But the project seems to have stalled since I first heard about it on my trip to Iceland in 2014.

Could the engineering problems just be too difficult?

The Waters Around The Northern Parts Of Great Britain

Look at a map of the UK and particularly Great Britain and there is a massive area of water, which is not short of wind.

Between Norway, Denmark, Germany, The Netherlands, the East Coast of England, the Northern Coasts of Scotland and Iceland, there are only a few islands.

  • The Faroes
  • The Orkneys
  • The Shetlands

To be complete we probably must include hundreds of oil and gas rigs and platforms and the Dogger Bank.

  • Oil and gas companies probably know most there is to know about these waters.
  • Gas pipelines connect the production platforms to terminals at Sullom Voe and along the East Coast from St. Fergus near Aberdeen to Bacton in Norfolk.
  • Many of the oil and gas fields are coming to the end of their working lives.

I believe that all this infrastructure could be repurposed to support the offshore wind industry.

The Dutch Are Invading The Dogger Bank

The Dogger Bank sits in the middle of the North Sea.

  • It is roughly equidistant from Norway, Denmark, the Netherlands and the UK.
  • The Western part is in UK territorial waters.
  • The Eastern part is mainly in Dutch territorial waters.

On the UK part, the Dogger Bank Wind Farm is being developed.

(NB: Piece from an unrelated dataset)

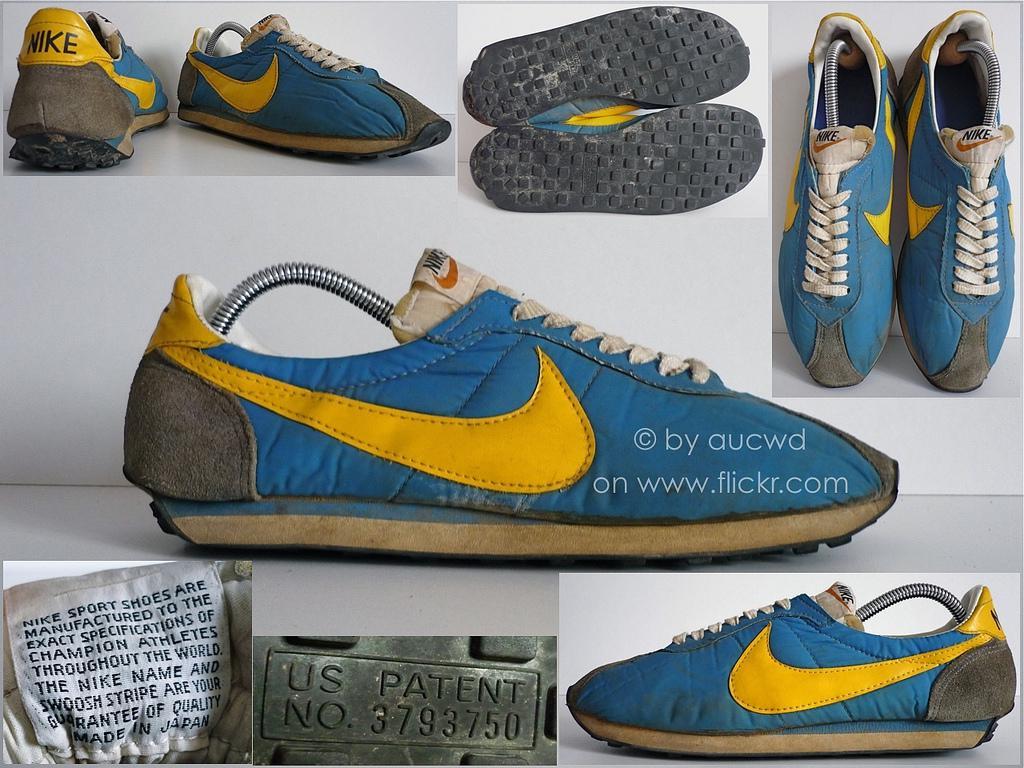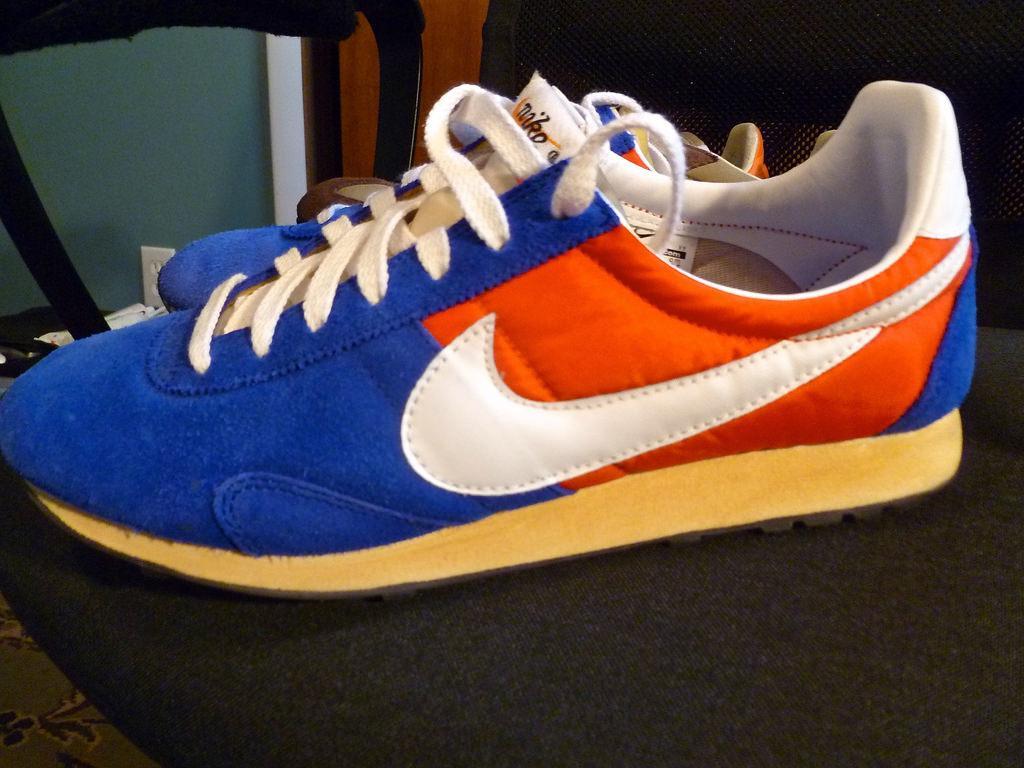The first image is the image on the left, the second image is the image on the right. Considering the images on both sides, is "Every shoe is posed facing directly leftward, and one image contains a single shoe." valid? Answer yes or no. No. The first image is the image on the left, the second image is the image on the right. Considering the images on both sides, is "The left image contains no more than one shoe." valid? Answer yes or no. No.

  • The turbines will be between 78 and 180 miles from the shore.
  • It could have a capacity of up to 5 GW.
  • It would be connected to East Yorkshire or Teesside.

On their side of the Dogger Bank, the Dutch are proposing the North Sea Wind Power Hub.

  • It is a collaboration between the Dutch, Germans, and Danes.
  • There have been reports, that up to 110 GW of turbines could be installed.
  • It will be connected to the Dogger Bank Wind Farm, as well as The Netherlands.

It is also planned that the connections to the Dogger Bank will create another interconnector between the UK and the Continent.

The Shetland Islands

The Shetland Islands are the only natural islands with a large oil and gas infrastructure in the waters to the North of Great Britain.

They have a large gas and oil terminal at Sullom Voe.

  • Oil is transported to the terminal by pipelines and tanker.
  • Oil is exported by tanker.
  • Gas is imported from oil and gas fields to the West of the islands through the West of Shetland Pipeline.
  • The gas-fired Sullom Voe power station provide about 80 MW of power to the islands.

This document on the APSE web site is entitled Future Hydrogen Production In Shetland.

It describes how the Shetland Islands can decarbonise and reposition themselves in the energy industry to be a major producer of hydrogen.

It gives these two facts about carbon emissions in the Shetlands Islands and Scotland.

  • Annual per capita CO2 emissions in the Shetland Islands are 17 tonnes.
  • In Scotland they are just 5.3 tonnes.

By comparison, the UK average is 5.55 and Qatar is 37.29.

Currently, the annual local market for road, marine and domestic fuel calculated
at around £50 million.

These are the objectives of the Shetland’s plan for future hydrogen production.

  • Supply 32TWh of low carbon hydrogen annually, 12% of the expected UK total requirement, by 2050
  • Provide more than 3GW of wind generated electrical power to Shetland, the UK grid, generating green hydrogen and electrification of the offshore oil and gas sector
  • Enable all West of Shetland hydrocarbon assets to be net zero by 2030 and abate 8Mt/year CO2 by 2050
  • Generate £5bn in annual revenue by 2050 and contribute significantly to the UK Exchequer.

They also envisage removing the topsides of platforms, during decommissioning of mature East of Shetland
oil fields and repurposing them for hydrogen production using offshore wind.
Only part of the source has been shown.